For examble, for British sociologist, Linda Woodhead, ‘secular’ tends to mean something like a committed and confirmed Dawkinsian Atheist with anti-theist leanings; it means something similar for US sociologist Christel Manning. Yet for the British sociologists Steve Bruce and David Voas, these same phenomenon are precisely and significantly non-secular: instead, strong Atheist identities and movements is, for them, a sign that religion is thriving, whilst the ‘secular’ entails something much more like indifference to religion. As Bruce writes in 2002’s God is Dead:
In so far as I can imagine an endpoint [to European secularization], it would not be conscious irreligion; you have to care too much about religion to be irreligious. It would be widespread indifference… (p. 42)
2. Secondly, and related to the first, there is significant international variation in how terms are understood. Inconsistent use of terms would be a lot more obvious if it was about individual variety, but actually there are local norms that mean that some understandings are taken-for-granted and assumed to be universal. For example, the ‘secular’ qua impassioned and committed non-theist is more common in US (where authors talk about a ‘secular movement’ for example), whilst ‘secular’ meaning past-caring is more common in UK, though the term ‘secularist’ is sometimes used in these settings to indicate those of strong non-theist conviction.

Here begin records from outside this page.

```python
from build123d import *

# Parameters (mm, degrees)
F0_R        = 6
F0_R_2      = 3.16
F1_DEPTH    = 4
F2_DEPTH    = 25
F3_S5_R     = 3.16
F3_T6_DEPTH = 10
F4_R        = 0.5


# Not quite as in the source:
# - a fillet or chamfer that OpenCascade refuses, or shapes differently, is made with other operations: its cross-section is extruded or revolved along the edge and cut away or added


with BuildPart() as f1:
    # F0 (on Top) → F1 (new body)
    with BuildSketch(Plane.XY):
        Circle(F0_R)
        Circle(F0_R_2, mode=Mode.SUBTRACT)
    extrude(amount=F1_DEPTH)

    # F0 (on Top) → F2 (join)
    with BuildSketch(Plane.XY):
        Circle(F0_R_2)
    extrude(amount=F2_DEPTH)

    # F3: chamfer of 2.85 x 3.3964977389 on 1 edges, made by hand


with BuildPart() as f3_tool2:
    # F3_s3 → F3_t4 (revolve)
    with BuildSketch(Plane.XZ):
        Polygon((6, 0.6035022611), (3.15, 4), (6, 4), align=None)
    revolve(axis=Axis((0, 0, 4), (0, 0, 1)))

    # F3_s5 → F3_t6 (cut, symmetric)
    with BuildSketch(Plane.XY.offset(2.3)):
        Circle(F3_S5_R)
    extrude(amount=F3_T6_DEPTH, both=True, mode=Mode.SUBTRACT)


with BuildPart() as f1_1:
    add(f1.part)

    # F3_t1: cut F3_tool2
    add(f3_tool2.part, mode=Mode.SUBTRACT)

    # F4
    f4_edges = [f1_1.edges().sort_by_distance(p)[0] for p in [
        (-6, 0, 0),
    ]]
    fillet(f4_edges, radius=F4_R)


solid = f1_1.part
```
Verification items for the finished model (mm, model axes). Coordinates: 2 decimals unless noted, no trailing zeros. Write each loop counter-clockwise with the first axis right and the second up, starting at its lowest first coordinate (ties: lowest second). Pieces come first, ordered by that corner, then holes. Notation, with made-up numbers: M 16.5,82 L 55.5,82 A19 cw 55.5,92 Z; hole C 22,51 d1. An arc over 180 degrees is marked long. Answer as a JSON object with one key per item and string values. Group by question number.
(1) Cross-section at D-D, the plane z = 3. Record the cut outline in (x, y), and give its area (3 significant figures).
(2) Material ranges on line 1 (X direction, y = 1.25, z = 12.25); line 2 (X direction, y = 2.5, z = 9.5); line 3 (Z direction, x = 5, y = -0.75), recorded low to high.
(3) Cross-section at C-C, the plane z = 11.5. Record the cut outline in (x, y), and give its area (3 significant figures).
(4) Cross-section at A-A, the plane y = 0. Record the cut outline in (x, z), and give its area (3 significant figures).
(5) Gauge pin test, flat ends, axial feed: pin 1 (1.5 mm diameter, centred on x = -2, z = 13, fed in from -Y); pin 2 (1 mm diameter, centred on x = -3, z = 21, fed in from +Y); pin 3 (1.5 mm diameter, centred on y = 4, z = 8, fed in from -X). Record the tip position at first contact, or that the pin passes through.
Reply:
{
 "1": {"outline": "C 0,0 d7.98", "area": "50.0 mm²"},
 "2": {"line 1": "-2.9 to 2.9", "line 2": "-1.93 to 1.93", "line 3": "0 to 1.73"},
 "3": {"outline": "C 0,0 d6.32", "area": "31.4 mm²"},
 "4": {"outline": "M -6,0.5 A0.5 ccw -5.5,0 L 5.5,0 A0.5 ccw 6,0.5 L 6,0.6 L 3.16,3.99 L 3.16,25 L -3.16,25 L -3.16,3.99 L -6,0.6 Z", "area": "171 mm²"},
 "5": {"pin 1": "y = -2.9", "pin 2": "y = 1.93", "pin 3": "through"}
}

The effect is not a blanket one. Consider that Woodhead is from the UK and Manning from the US but use the term ‘secular’ in the same, US-favoured way. This means that we can’t say, ‘secular means x in place A and means y in place B’ – nothing so neat and tidy as that. Rather, writers need to be explicit about the senses that they use terms in, and not assume that others are using them in the same way.
3. Finally, even if there is no consistent pattern between ‘signifieds’ and ‘signifiers’, the number of similar-sounding signifiers – ‘secular’, ‘atheist’, ‘nonreligious’ – does in fact represent a real variety of signifieds. We do not have a profusion of terms for the same things. Rather, there are subtly different phenomenon, the disentangling of which is in fact significant for understanding the field, and will help us navigate its heterogeneity. These distinctions matter, and are essential if we are to chart the complexities of the groups and phenomena that this multitude of similar-sounding terms are seeking to describe.
For all of these reasons, we were delighted to be invited by Oxford University Press to write The Oxford Dictionary of Atheism, to form part of their online ‘Quick Reference‘ suite., the ODA (as all the coolest cats will no doubt be calling it) is intended to,
• document key understandings of terms;
• point to multiple, often contradictory senses of terms (several of which are not yet documented in the OED itself); and,
• to provide a centralized, standardized reference point to help researchers make decisions about terminology in their projects.
It also allows us to offer entries on new terms frequently encountered in this field (‘Flying Spaghetti Monster’, ‘Atheism +’, even ‘nonreligion’ itself) for which one would struggle to find clearly, concisely, and handily defined and explained anywhere else.
The ODA itself is due to go live later on in this year, but we’re able – and proud – to share a select set of terms on the Understanding Unbelief website, as part of a dedicated Glossary. We hope that these will be of wide interest and use, including but not limited to those interested in applying for grants under one of our grant competition streams.